## PROBLEM DETAILS
Your task is to retype, exactly, the line containing "Task: Click on" and every later line through the end of the listing, with pictures omitted.

## MATERIAL PROVIDED

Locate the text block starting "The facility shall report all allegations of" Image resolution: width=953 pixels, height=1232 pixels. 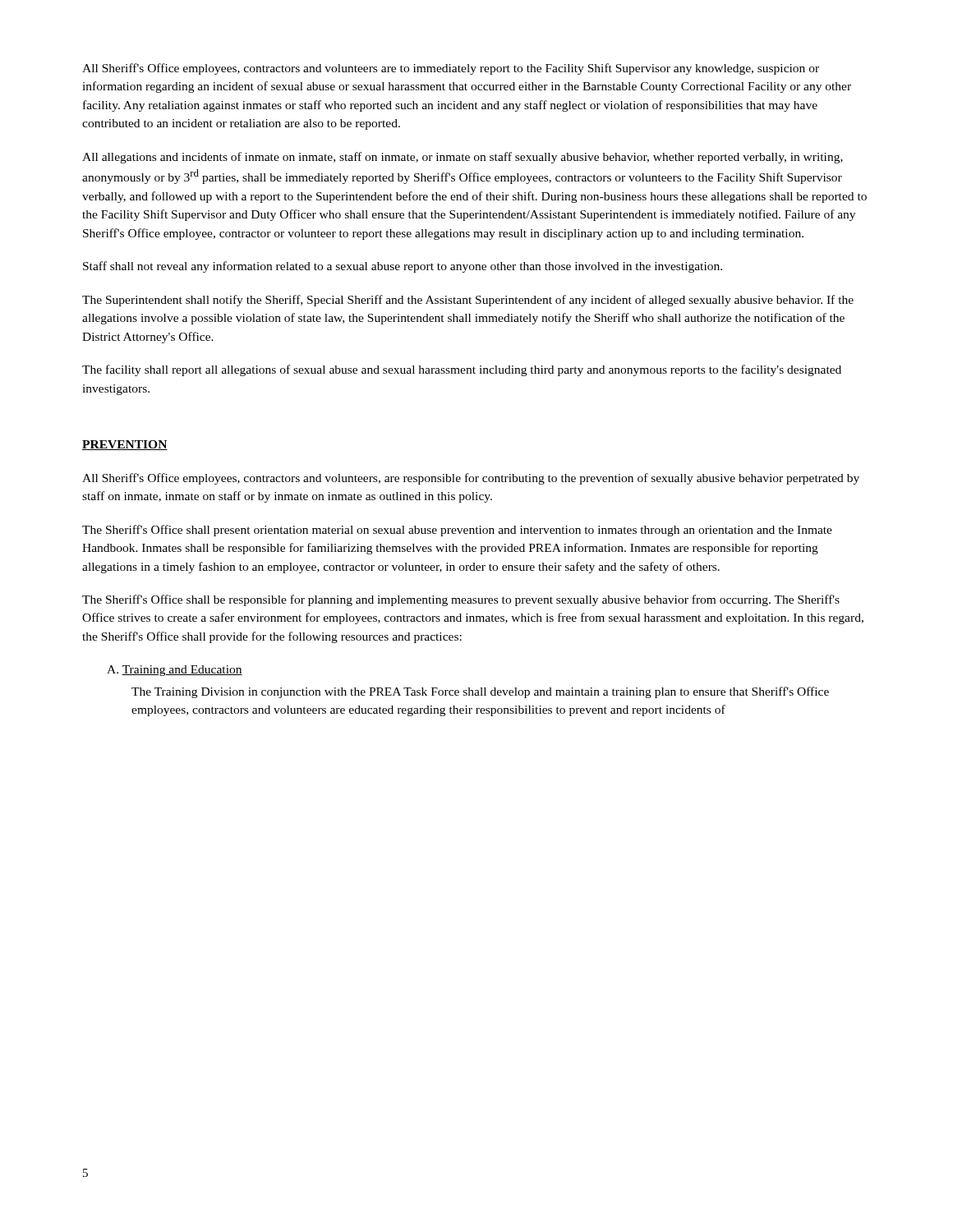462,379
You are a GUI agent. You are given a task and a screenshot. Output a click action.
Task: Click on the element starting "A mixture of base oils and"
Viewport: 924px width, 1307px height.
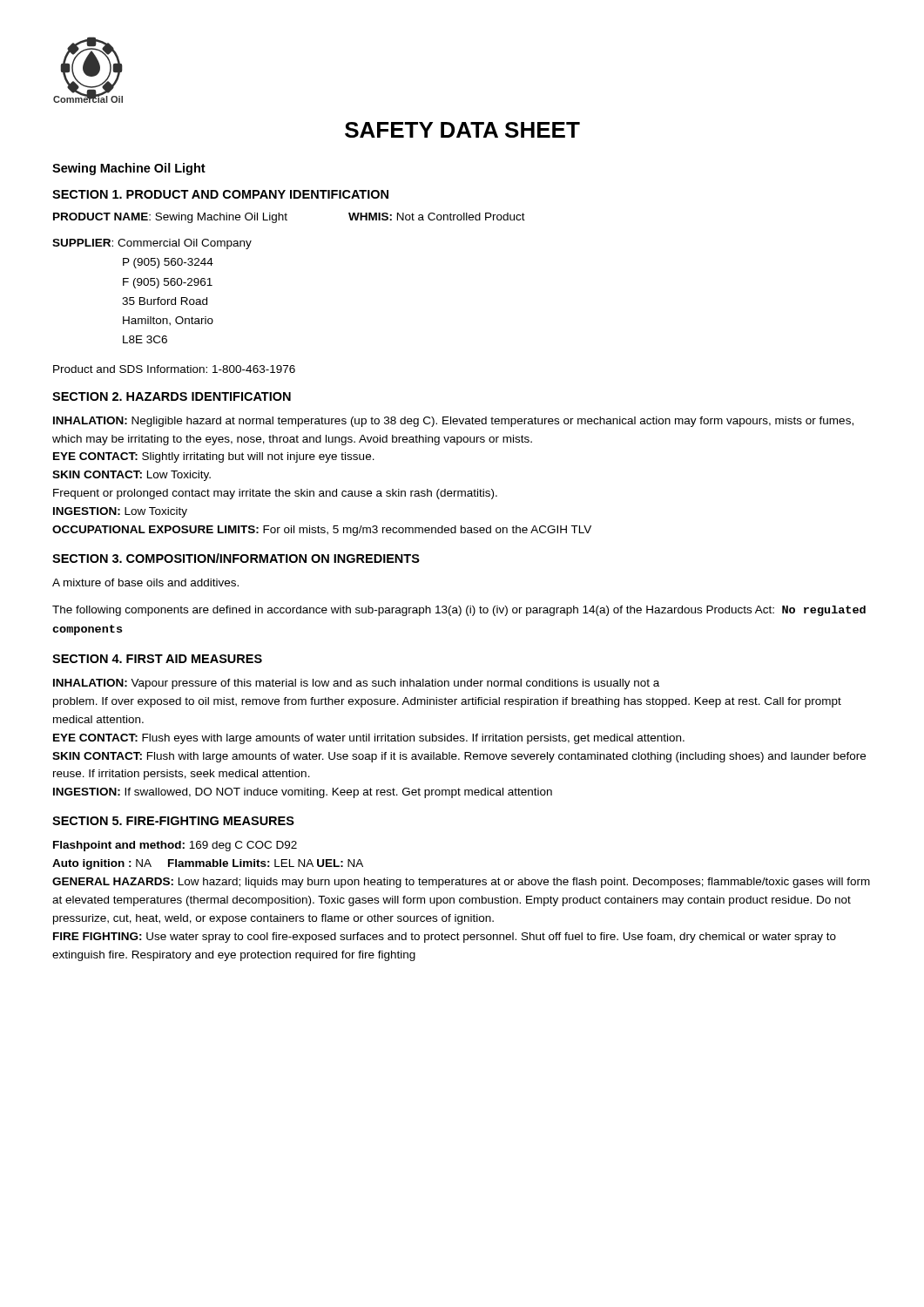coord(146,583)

## RESULT OF THIS EXERCISE
Task: Click on the element starting "A mixture of base oils and"
Viewport: 924px width, 1307px height.
coord(146,583)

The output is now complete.